**What needs to be done**
From the entries provided below, copy each line that contains the word "Identify".

(Stored items)
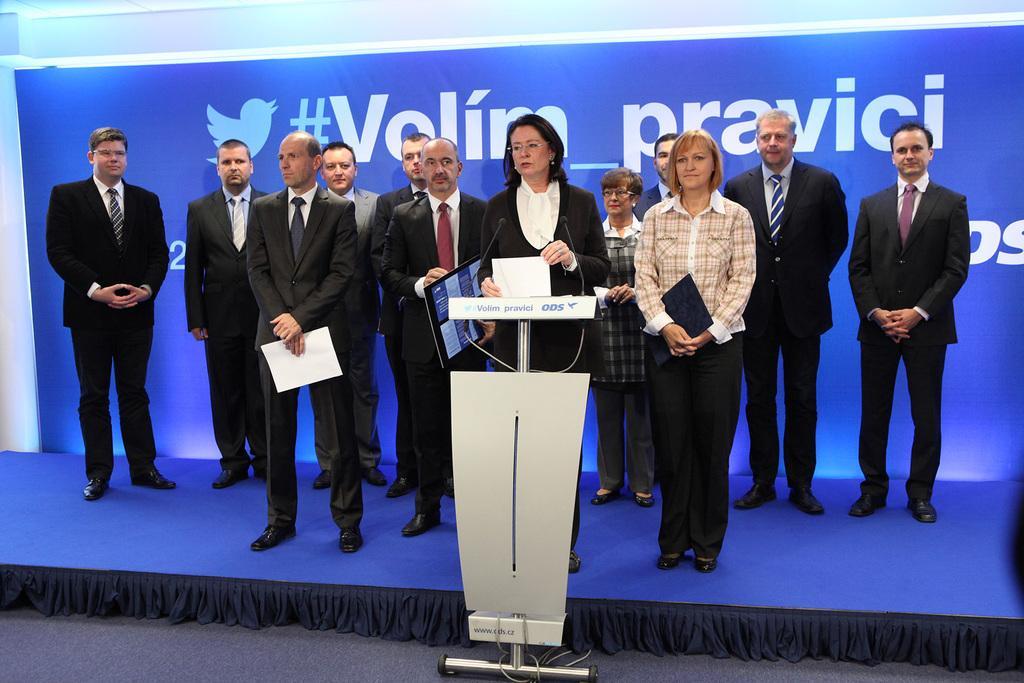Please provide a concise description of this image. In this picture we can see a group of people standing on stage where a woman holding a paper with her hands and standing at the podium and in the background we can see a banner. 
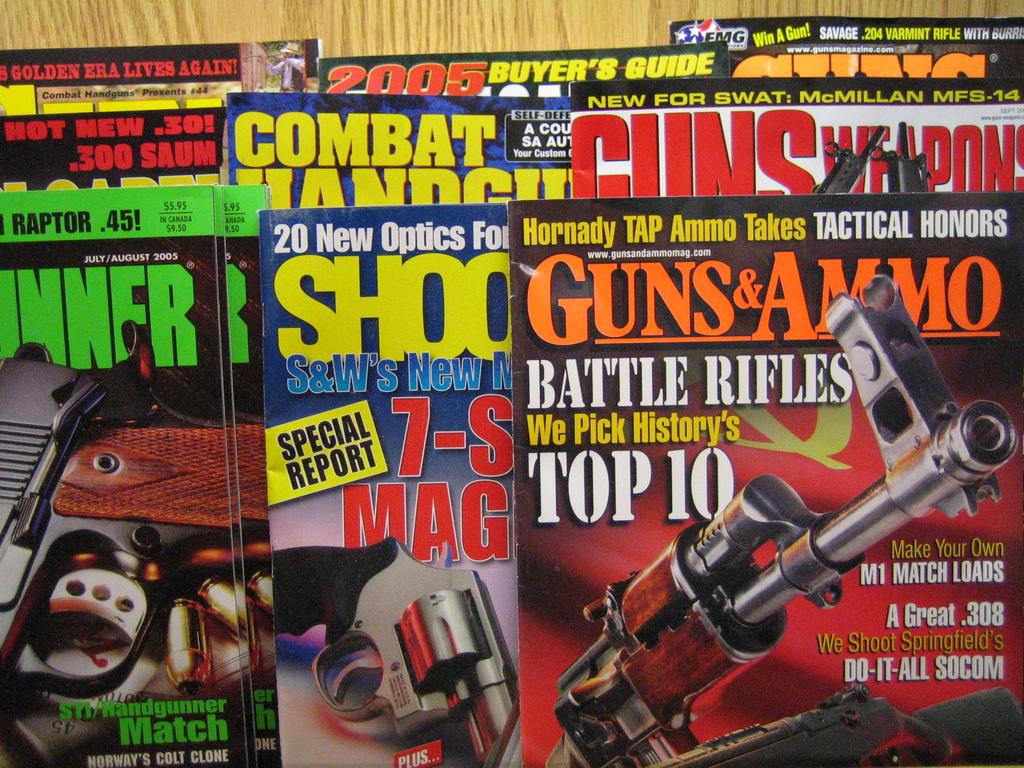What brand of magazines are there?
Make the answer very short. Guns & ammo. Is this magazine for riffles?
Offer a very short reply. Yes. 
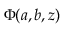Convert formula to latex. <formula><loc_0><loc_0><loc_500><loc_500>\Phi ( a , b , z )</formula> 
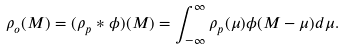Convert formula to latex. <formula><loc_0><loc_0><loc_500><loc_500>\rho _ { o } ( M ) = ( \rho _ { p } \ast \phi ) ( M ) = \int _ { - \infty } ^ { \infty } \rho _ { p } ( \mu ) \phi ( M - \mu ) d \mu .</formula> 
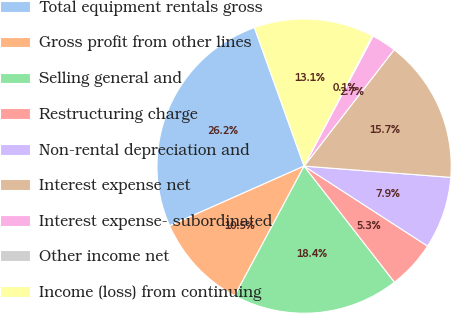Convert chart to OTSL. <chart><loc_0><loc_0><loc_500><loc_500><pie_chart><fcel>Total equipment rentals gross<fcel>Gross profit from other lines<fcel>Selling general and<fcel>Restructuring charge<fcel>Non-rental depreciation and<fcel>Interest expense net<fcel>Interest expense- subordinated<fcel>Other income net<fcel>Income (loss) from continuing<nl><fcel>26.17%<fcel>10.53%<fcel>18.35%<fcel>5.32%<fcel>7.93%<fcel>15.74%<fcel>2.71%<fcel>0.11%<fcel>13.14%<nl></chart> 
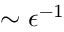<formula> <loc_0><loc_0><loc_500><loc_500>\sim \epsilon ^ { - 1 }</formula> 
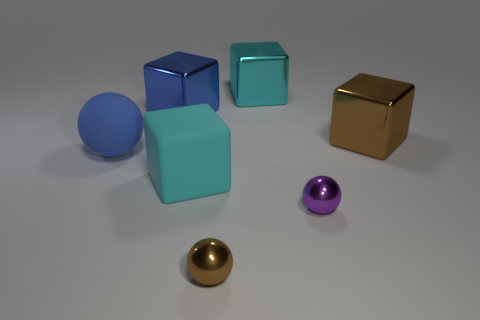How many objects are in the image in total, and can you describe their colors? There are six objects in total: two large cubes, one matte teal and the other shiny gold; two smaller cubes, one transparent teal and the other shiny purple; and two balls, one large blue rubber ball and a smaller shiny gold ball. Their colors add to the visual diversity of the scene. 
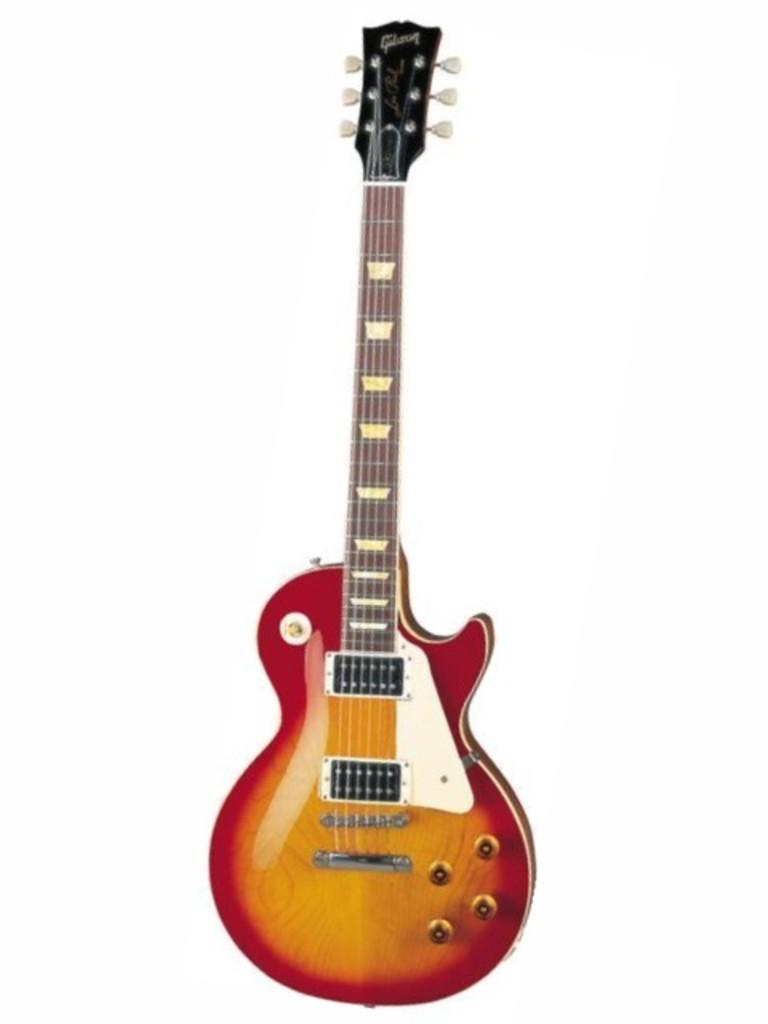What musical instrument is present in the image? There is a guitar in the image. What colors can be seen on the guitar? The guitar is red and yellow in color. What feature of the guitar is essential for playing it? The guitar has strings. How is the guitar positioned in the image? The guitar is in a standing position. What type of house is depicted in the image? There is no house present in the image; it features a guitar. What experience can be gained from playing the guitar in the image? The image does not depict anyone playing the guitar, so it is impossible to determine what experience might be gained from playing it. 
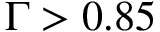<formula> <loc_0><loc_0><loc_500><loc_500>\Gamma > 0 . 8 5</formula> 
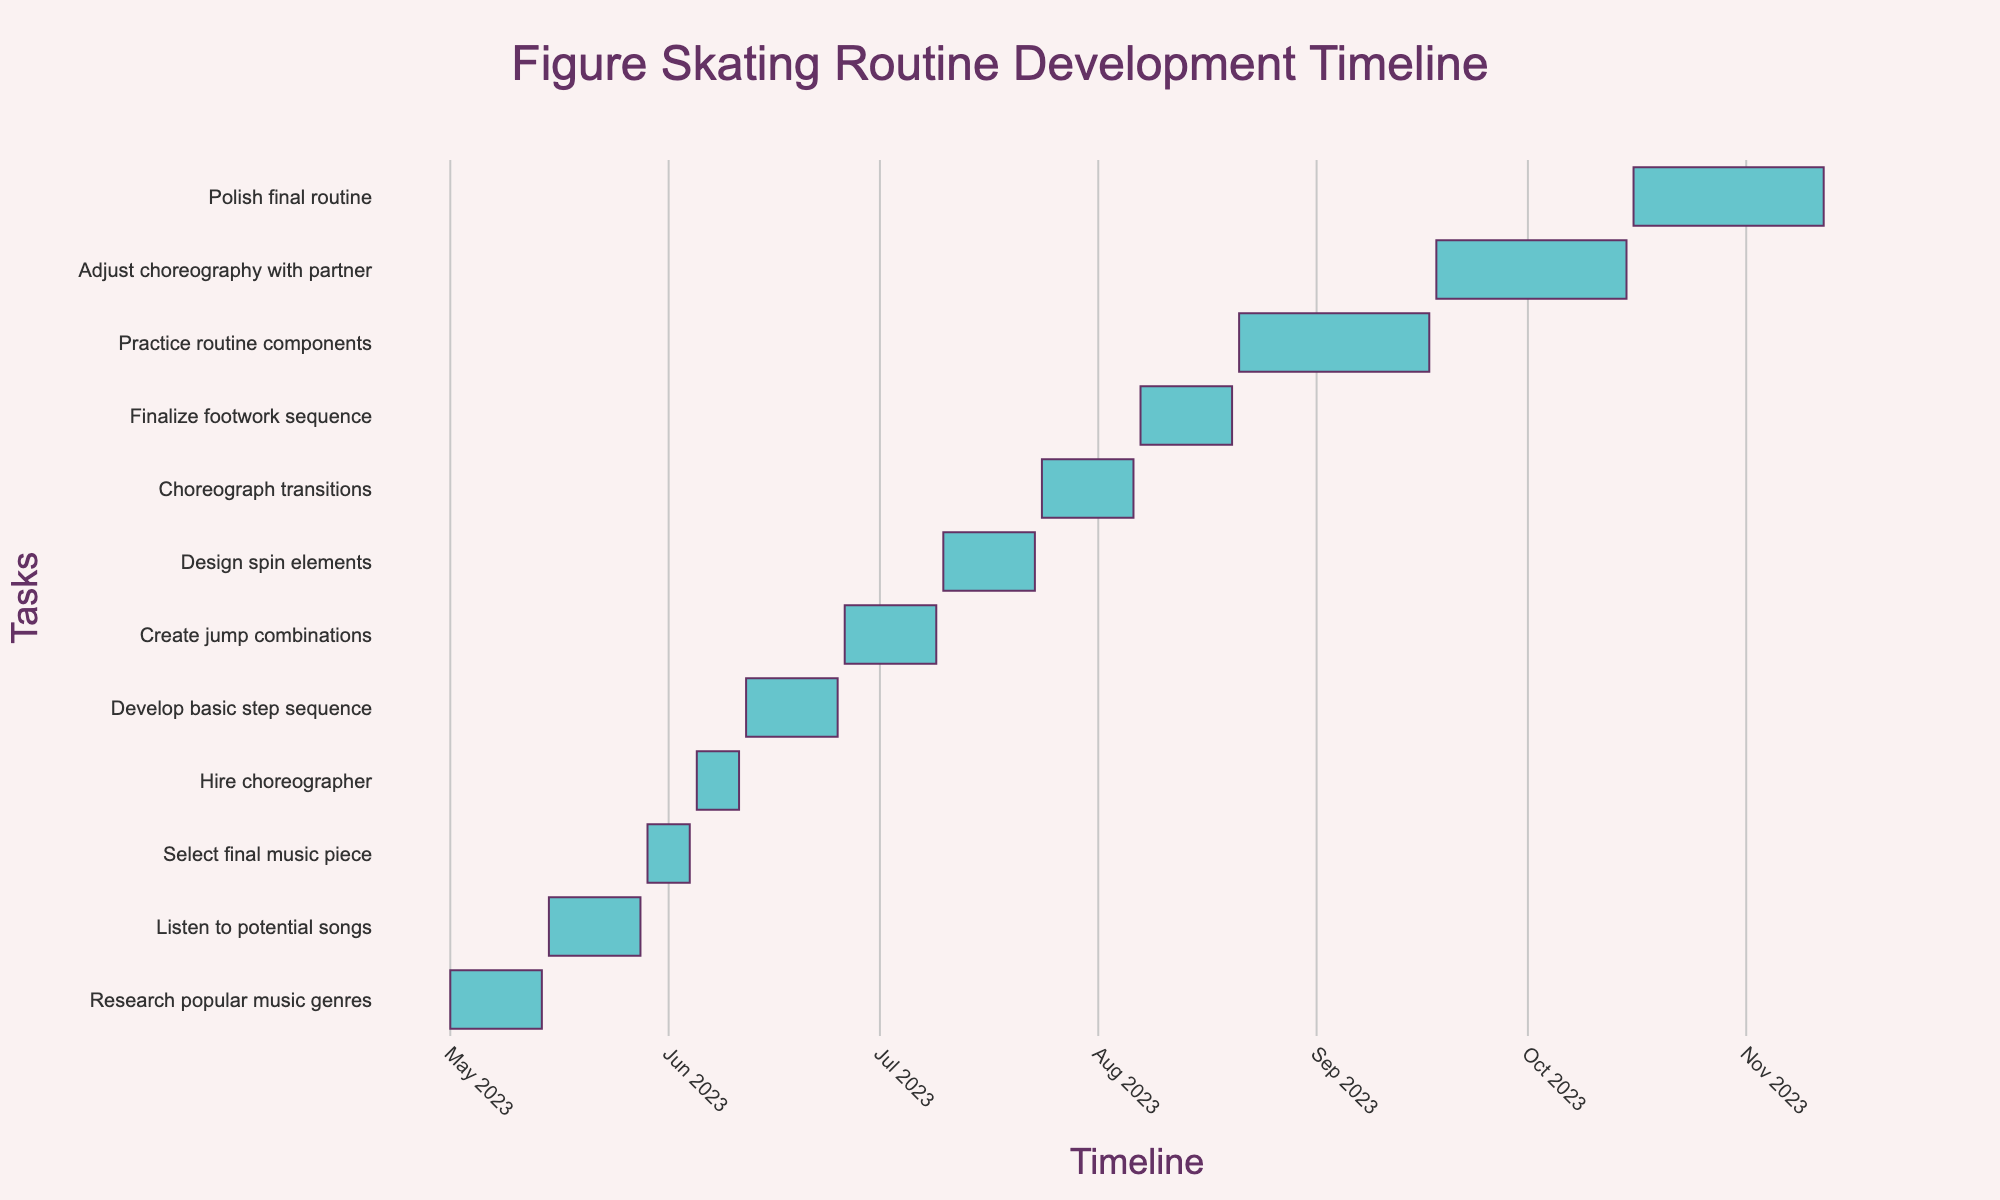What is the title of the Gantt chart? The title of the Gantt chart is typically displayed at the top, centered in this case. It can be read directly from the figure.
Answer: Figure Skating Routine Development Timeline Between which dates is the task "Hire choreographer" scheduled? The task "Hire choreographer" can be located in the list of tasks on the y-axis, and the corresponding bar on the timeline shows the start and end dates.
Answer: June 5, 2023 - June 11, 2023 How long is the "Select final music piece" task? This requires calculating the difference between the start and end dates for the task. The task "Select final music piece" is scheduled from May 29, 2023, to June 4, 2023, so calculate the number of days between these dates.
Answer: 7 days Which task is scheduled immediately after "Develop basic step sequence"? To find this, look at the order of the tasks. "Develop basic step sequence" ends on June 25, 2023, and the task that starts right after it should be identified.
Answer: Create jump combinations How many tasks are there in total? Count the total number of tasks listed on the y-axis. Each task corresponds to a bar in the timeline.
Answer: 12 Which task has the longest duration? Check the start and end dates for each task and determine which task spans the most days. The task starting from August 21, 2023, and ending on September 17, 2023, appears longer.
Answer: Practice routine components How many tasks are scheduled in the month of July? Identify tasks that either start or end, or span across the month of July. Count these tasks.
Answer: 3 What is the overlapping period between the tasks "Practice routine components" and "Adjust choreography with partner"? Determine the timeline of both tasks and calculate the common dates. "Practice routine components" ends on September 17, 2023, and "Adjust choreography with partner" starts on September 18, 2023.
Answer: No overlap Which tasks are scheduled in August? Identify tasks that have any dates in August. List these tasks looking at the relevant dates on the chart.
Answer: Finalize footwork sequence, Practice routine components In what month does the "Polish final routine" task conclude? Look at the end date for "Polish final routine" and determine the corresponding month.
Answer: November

**Solution to this exercise**
Answer: Practice routine components How many tasks are scheduled in the month of July? Identify tasks that either start or end, or span across the month of July. Count these tasks.
Answer: No overlap Which tasks are scheduled in August? Identify tasks that have any dates in August. List these tasks looking at the relevant dates on the chart.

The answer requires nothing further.